Antes de nada debes pensar que has pasado todas las entrevistas y que has resultado ser la persona elegida para desempeñar un puesto. Esto quiere decir que ya han visto en ti unas cualidades que se adecuan al perfil que buscaban y que confían en que eres la persona idónea para el trabajo. ¡Así que refuerza un poco tu autoestima y vamos con los consejos!

  1. Puntualidad. Bajo ninguno de los conceptos se te ocurra llegar tarde en tu primer día de trabajo. De hecho, lo más conveniente es que estés en tu nueva empresa unos minutos antes de tu hora de entrada. Eso reforzará tu confianza y no te hará incrementar tu ansiedad por culpa de un retraso.
  2. La indumentaria. Si la entrevista la tuviste en la empresa, tal vez pudiste ver cómo iban vestidos los trabajadores. Procura copiar ese estilo: desenfadado, formal, clásico… Si no has tenido esa ocasión, no tengas miedo en preguntar antes del primer día cuál es el código de vestimenta de tu nueva empresa.
  3. Toma notas. Ve preparado con un dispositivo móvil o un simple bloc y toma notas de los datos importantes: passwords, horarios, rutinas… y, por supuesto, no temas preguntar.
  4. Predisposición. Mantén una actitud proactiva y predispuesta a aprender. Interésate por los detalles del puesto e infórmate acerca de los objetivos de la empresa.
  5. Ubícate. Haz un esfuerzo por retener los nombres de tus superiores y de los compañeros con los que trabajarás de manera más estrecha. Ubica también dónde está cada lugar: el despacho de tu jefe, la sala de reuniones, el sitio de la fotocopiadora, la cafetería…

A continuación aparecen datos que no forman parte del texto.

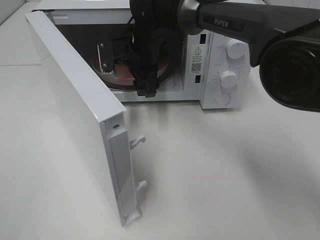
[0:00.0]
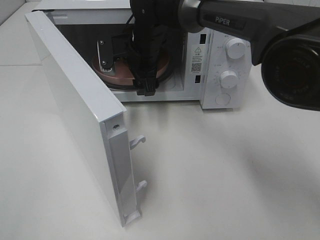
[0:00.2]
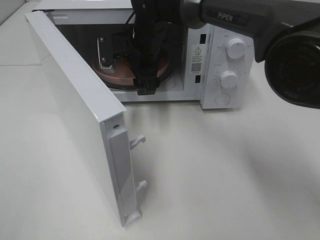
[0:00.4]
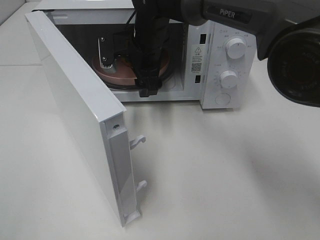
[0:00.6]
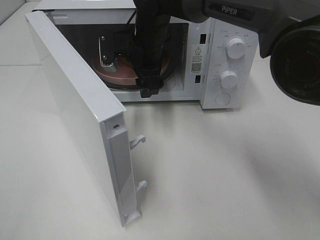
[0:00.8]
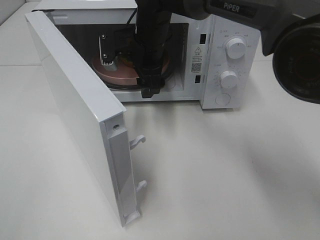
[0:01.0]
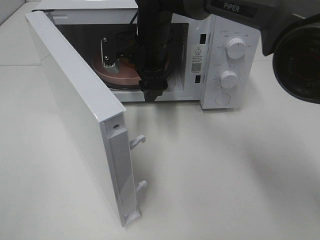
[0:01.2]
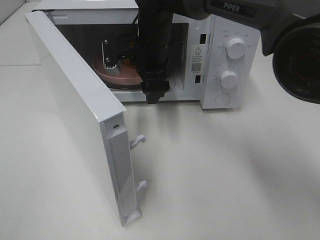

Vencer tus propios temores

Además de estos consejos resultará muy importante que intentes vencer tus propios temores. Si no lo haces solo conseguirán lastrar tu valía y mermar tu autoconfianza. Piensa que, en unos días, estarás integrado y que estás pasando por una situación transitoria.

Lo más probable es que, una vez que llegues a la nueva empresa, en unos minutos de interrelación con el resto de personal, esos nervios se irán esfumando y la tranquilidad irá ocupando su espacio.

No olvides, en ningún momento, que es tu primer día de trabajo. Eso quiere decir que han confiado en ti y que estás capacitado para llevarlo a cabo.